Activist Empowers People with Disabilities

Thomas J. “T.J.” Hill, JD ’03

T.J. Hill, who has lifelong learning disabilities, strives to develop social policy for other people with disabilities through his career and civic activities. (Rob Brown)

Thomas J. “T.J.” Hill aims to “obtain the greatest number of mental health services for the greatest number of people.” He works toward this great goal as mental health policy director at Los Angeles’ Association of Community Human Services Agencies. Hill also serves on the board of the American Civil Liberties Union (ACLU) of Southern California, which he calls “one of the most progressive in the country,” and as a commissioner on the City of Santa Monica Disabilities Commission. Through these activities, Hill, JD ’03, fulfills the “obligation that came out of law school and, even before that, the desire to give back as an active member of my community,” he says.

His accomplishments are impressive enough on their own. What further distinguishes him is that he reached this point despite lifelong learning disabilities. Although the diagnosis initially was not easy for him, he embraces it today. “My disability is as much of a benefit as a problem,” he says. “I approach problem-solving from a perspective that is indicative of my disability but also reflects how I see the world.”

As a third-grader, Hill couldn’t read and was diagnosed with dyslexia, dyscalculia, dysgraphia and attention deficit hyperactivity disorder. His teacher told his parents he would never finish high school. They rejected this prognosis. Hill’s father, Thomas Charles Hill, MD ’71, a doctor in Boston, experiences similar processing disorders, which remained undiagnosed during his childhood. Hill’s sister, Melissa, grew up with learning disabilities and cerebral palsy.

“Our family normalized disability,” Hill says. “We looked at it as a typical obstacle in life that was not going to limit our ability to pursue the career we wanted or any of our dreams.”

Hill enrolled in a school with a strong special education program.
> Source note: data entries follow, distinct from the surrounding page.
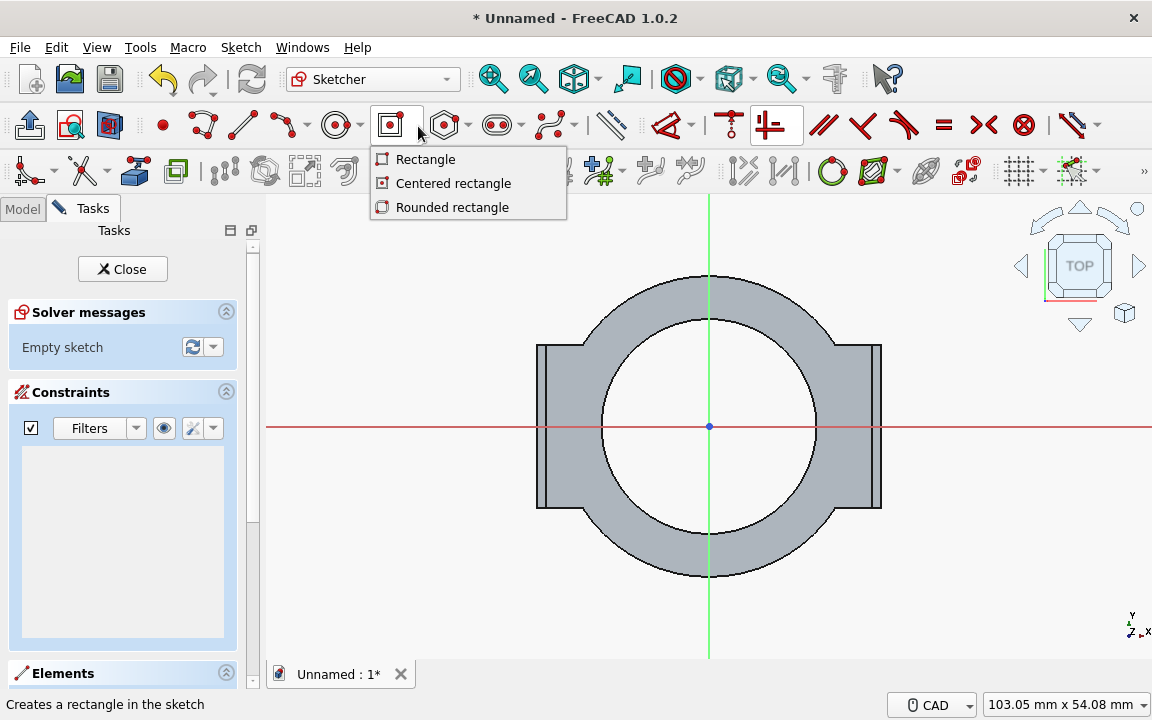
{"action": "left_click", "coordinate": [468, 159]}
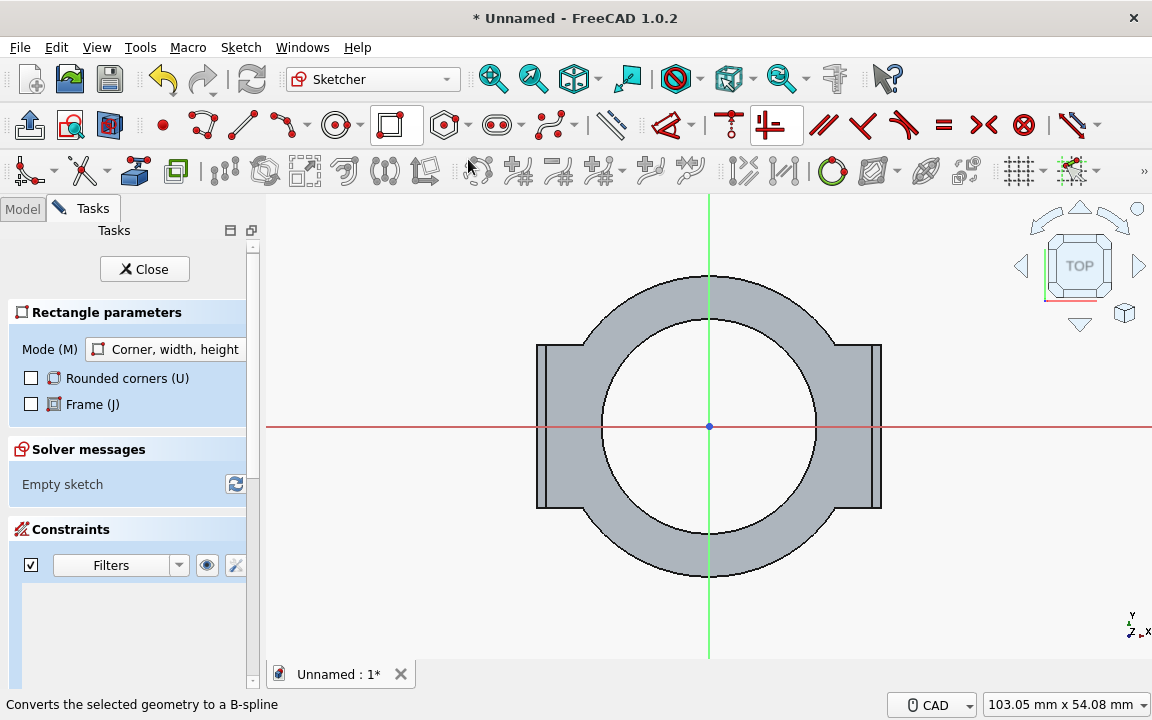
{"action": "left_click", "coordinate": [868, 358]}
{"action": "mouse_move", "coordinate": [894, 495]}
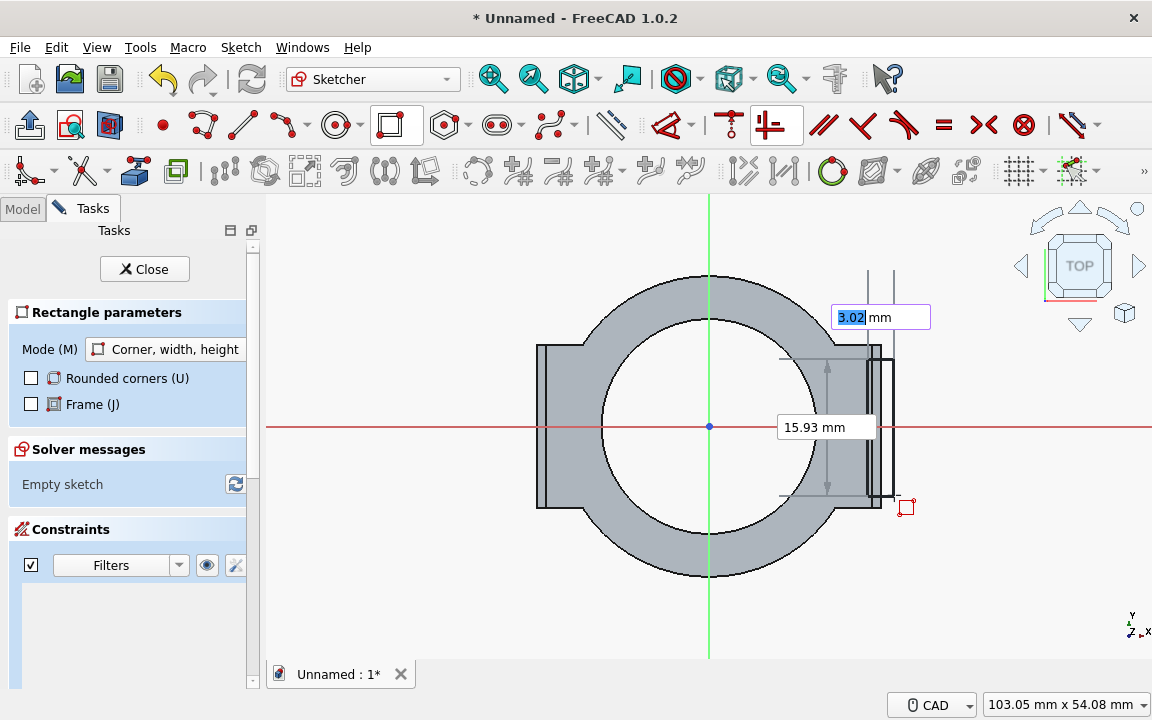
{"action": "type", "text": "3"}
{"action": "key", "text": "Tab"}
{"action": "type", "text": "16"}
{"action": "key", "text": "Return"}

There, he learned to value his perspective but “present information the way my teachers expected me to,” he says. He later transferred to a college preparatory school before attending the University of Arizona, where he majored in psychology and minored in special education and rehabilitation.

After college, Hill designed community support programs for adults with developmental disabilities and traumatic brain injuries. But he became frustrated by his limitations as a service provider: “I wanted to do something more to impact policy development,” he says. “For me, law school provided the answer to that.”

Throughout his time at Washington University School of Law, Hill pursued his goal by focusing on public interest law and civil rights. At the local ACLU, subsidized by a Dagen-Legomsky Summer Public Interest Fellowship, he helped effect social change by working on civil rights cases involving discrimination, free speech and the death penalty. He served as a summer associate at Disability Rights Advocates, a public interest litigation firm in California’s Bay Area. Through the university’s Congressional and Administrative Law Clinic in Washington, D.C., he interned with Sen. Tom Harkin (Iowa), author of the Americans with Disabilities Act. Hill calls this internship inspirational, adding, “It pushed me to do my current policy work.”

While at the university, Hill met his partner, Jay Heiserman. Heiserman, now a television art director, moved to California after graduating from Webster University. Two years later, Hill followed him, initially working as a program director at Los Angeles’ Disability Rights Legal Center. Though he enjoyed the job, it renewed his desire to develop, rather than enforce, policy. That brought him to the Association of Community Human Services Agencies (ACHSA).

“It’s a great fit. I am filled with the same excitement that I had when I was in Washington,” he says. “Health care is a really interesting place to be right now, and mental health is a natural extension of my work with disability rights.”

Though he’s considered a future in policymaking or politics, it’s still an open question, he says. “I’ve only been at ACHSA for a year, and I don’t know where this position will take me.”

No matter where he ends up, however, Hill will continue to empower others with disabilities. In the meantime, he and Heiserman keep busy with work and community activities. “You find the time to do the things that really matter to you,” he says.

Beth Herstein, AB ’83, is a freelance writer based in New York City.